Rohbau planen: Alles was Sie zu Ihrem Rohbau und den Kosten wissen müssen
Der Rohbau ist eine der zentralen Phasen beim Hausbau. Hier wird das Grundgerüst des Hauses erstellt, einschließlich Bodenplatte, Außen- und Innenwände sowie des Dachstuhls, jedoch ohne Fenster und Türen. Der Rohbau ist oft die größte Investition beim Hausbau und macht bis zu 50% der gesamten Baukosten aus.

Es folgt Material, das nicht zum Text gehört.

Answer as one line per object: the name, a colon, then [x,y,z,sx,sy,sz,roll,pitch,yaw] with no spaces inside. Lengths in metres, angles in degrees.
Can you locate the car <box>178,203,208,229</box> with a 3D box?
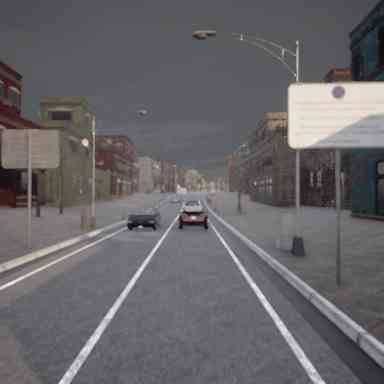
car: [0.093,1.735,23.815,2.163,1.488,4.792,0,-1,0]

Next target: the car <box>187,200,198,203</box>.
car: [0.085,1.834,41.710,2.033,1.649,4.856,0,0,0]

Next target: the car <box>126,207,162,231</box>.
car: [-3.109,1.764,22.729,2.033,1.411,5.357,0,-1,0]

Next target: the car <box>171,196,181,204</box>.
car: [-3.043,1.456,63.740,2.128,1.511,4.902,0,2,0]

Für ein Einfamilienhaus liegen die Kosten typischerweise zwischen 600 und 800 Euro pro Quadratmeter Nutzfläche, das entspricht bei einem durchschnittlichen Einfamilienhaus mit einer Größe von 150 m² etwa 90.000 bis 120.000 Euro. Bedenken Sie aber, dassFaktoren wie die Bodenbeschaffenheit, regionale Unterschiede sowie individuelle Wünsche hinsichtlich Material und Bauweise die endgültigen Kosten erheblich beeinflussen können
In diesem Artikel geht es um:
- Rohbau planen: Welche Elemente gehören zum Rohbau?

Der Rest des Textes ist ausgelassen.